DATA FOR THIS TASK:
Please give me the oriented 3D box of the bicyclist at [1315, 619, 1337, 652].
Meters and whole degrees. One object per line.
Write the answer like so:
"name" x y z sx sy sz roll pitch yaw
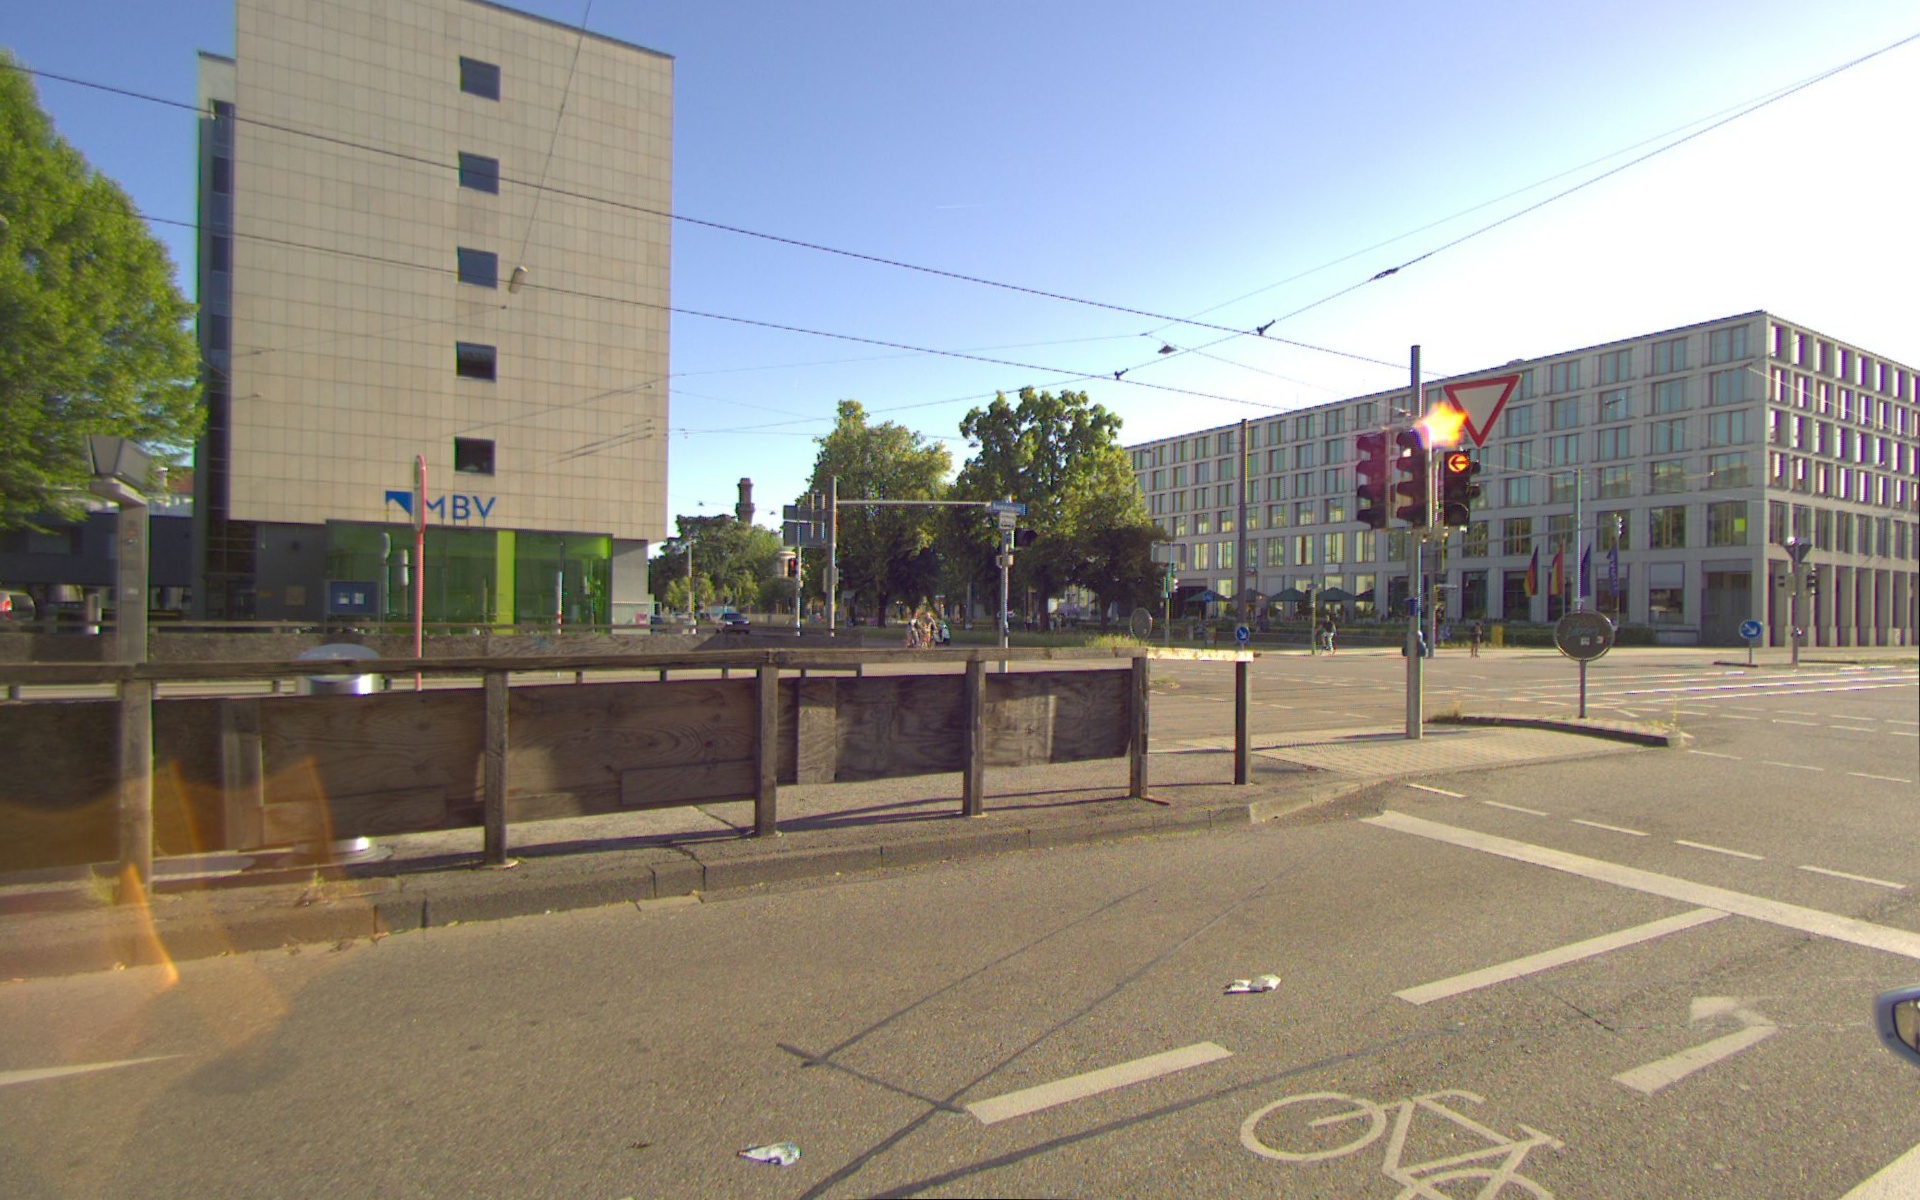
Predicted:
"bicyclist" 17.978 1.755 49.348 0.763 1.610 0.760 1 -1 -8

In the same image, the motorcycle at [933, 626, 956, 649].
"motorcycle" -0.817 1.985 53.264 0.524 1.153 1.449 1 -1 -34

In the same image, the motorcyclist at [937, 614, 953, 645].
"motorcyclist" -0.795 1.561 53.263 0.561 1.598 0.643 1 -1 -34

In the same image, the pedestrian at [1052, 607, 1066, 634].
"pedestrian" 7.801 1.624 79.245 0.812 2.040 0.841 2 0 -20

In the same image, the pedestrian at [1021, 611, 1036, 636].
"pedestrian" 5.442 1.843 79.804 0.864 1.925 0.713 2 0 -27

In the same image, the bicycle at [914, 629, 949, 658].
"bicycle" -1.221 1.821 42.133 0.616 1.148 1.869 1 -1 -31

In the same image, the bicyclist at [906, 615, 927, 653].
"bicyclist" -1.812 1.396 41.688 0.647 1.544 0.615 1 -1 -32

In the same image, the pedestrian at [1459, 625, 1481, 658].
"pedestrian" 24.915 2.017 49.076 0.586 1.610 0.768 1 -1 -41

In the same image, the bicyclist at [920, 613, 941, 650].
"bicyclist" -1.256 1.335 42.213 0.602 1.544 0.709 1 -1 -32

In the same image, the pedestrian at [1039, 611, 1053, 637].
"pedestrian" 6.744 1.876 78.579 0.861 1.925 0.714 2 0 -20

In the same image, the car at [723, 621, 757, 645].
"car" -16.869 2.509 77.033 1.611 1.639 3.623 2 0 -28

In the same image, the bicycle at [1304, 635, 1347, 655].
"bicycle" 17.953 2.210 49.345 1.828 0.947 0.762 1 -1 -5

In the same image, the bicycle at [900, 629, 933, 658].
"bicycle" -1.833 1.792 41.711 0.574 1.148 1.776 1 -1 -31
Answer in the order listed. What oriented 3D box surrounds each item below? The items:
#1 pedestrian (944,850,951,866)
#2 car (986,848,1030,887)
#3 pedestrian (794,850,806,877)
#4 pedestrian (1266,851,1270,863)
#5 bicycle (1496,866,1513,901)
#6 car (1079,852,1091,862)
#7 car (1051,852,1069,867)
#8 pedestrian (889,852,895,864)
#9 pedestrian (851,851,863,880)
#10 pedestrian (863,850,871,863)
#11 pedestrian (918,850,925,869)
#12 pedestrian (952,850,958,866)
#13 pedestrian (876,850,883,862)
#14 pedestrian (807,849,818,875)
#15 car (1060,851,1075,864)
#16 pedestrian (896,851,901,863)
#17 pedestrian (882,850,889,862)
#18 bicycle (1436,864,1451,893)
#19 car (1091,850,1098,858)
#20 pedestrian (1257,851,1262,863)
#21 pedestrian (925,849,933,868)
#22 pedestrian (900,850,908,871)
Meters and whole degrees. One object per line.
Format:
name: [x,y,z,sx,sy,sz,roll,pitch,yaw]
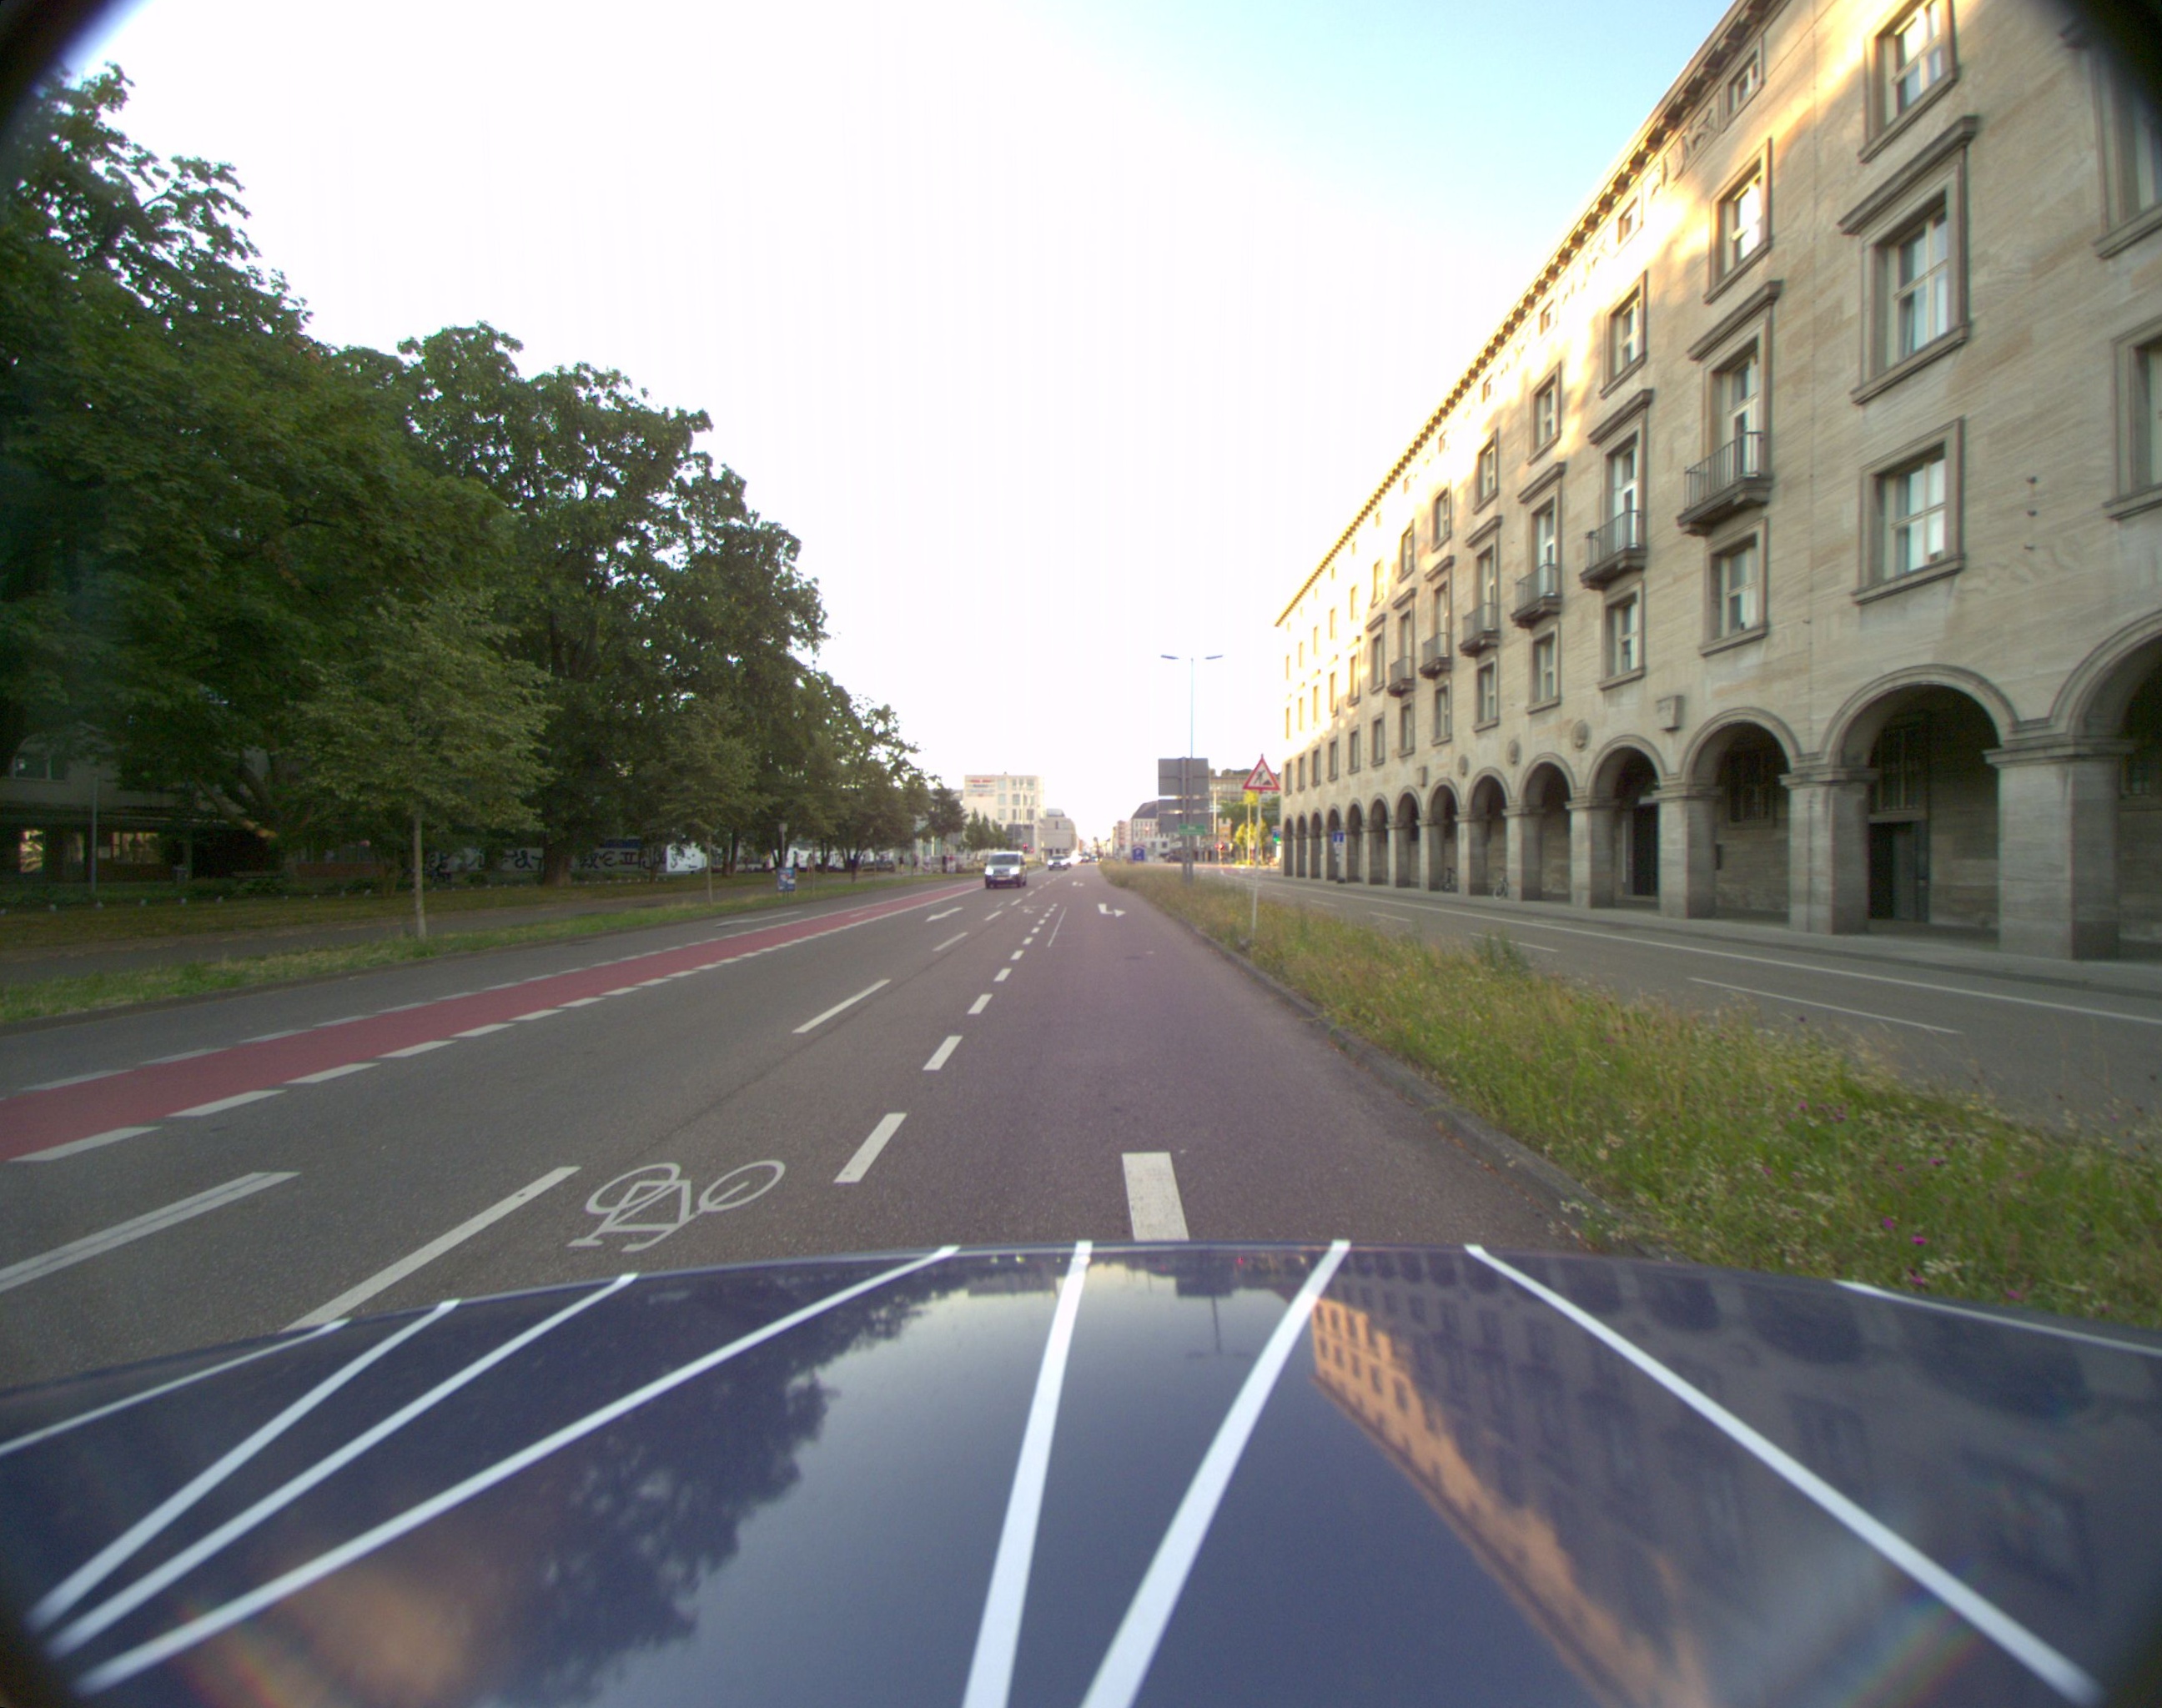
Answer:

TASK DETAILS: With the pictures removed, return the full listing exactly as given.

SOLUTION TO THIS PROBLEM:
Please give me the oriented 3D box of the bicyclist at [1315, 619, 1337, 652].
Meters and whole degrees. One object per line.
Write the answer like so:
"name" x y z sx sy sz roll pitch yaw
Predicted:
"bicyclist" 17.978 1.755 49.348 0.763 1.610 0.760 1 -1 -8

In the same image, the motorcycle at [933, 626, 956, 649].
"motorcycle" -0.817 1.985 53.264 0.524 1.153 1.449 1 -1 -34

In the same image, the motorcyclist at [937, 614, 953, 645].
"motorcyclist" -0.795 1.561 53.263 0.561 1.598 0.643 1 -1 -34

In the same image, the pedestrian at [1052, 607, 1066, 634].
"pedestrian" 7.801 1.624 79.245 0.812 2.040 0.841 2 0 -20

In the same image, the pedestrian at [1021, 611, 1036, 636].
"pedestrian" 5.442 1.843 79.804 0.864 1.925 0.713 2 0 -27

In the same image, the bicycle at [914, 629, 949, 658].
"bicycle" -1.221 1.821 42.133 0.616 1.148 1.869 1 -1 -31

In the same image, the bicyclist at [906, 615, 927, 653].
"bicyclist" -1.812 1.396 41.688 0.647 1.544 0.615 1 -1 -32

In the same image, the pedestrian at [1459, 625, 1481, 658].
"pedestrian" 24.915 2.017 49.076 0.586 1.610 0.768 1 -1 -41

In the same image, the bicyclist at [920, 613, 941, 650].
"bicyclist" -1.256 1.335 42.213 0.602 1.544 0.709 1 -1 -32

In the same image, the pedestrian at [1039, 611, 1053, 637].
"pedestrian" 6.744 1.876 78.579 0.861 1.925 0.714 2 0 -20

In the same image, the car at [723, 621, 757, 645].
"car" -16.869 2.509 77.033 1.611 1.639 3.623 2 0 -28

In the same image, the bicycle at [1304, 635, 1347, 655].
"bicycle" 17.953 2.210 49.345 1.828 0.947 0.762 1 -1 -5

In the same image, the bicycle at [900, 629, 933, 658].
"bicycle" -1.833 1.792 41.711 0.574 1.148 1.776 1 -1 -31
Answer in the order listed. What oriented 3D box surrounds each item below? The items:
#1 pedestrian (944,850,951,866)
#2 car (986,848,1030,887)
#3 pedestrian (794,850,806,877)
#4 pedestrian (1266,851,1270,863)
#5 bicycle (1496,866,1513,901)
#6 car (1079,852,1091,862)
#7 car (1051,852,1069,867)
#8 pedestrian (889,852,895,864)
#9 pedestrian (851,851,863,880)
#10 pedestrian (863,850,871,863)
#11 pedestrian (918,850,925,869)
#12 pedestrian (952,850,958,866)
#13 pedestrian (876,850,883,862)
#14 pedestrian (807,849,818,875)
#15 car (1060,851,1075,864)
#16 pedestrian (896,851,901,863)
#17 pedestrian (882,850,889,862)
#18 bicycle (1436,864,1451,893)
#19 car (1091,850,1098,858)
#20 pedestrian (1257,851,1262,863)
#21 pedestrian (925,849,933,868)
#22 pedestrian (900,850,908,871)
Meters and whole degrees. One object per line.
Format:
name: [x,y,z,sx,sy,sz,roll,pitch,yaw]
Answer:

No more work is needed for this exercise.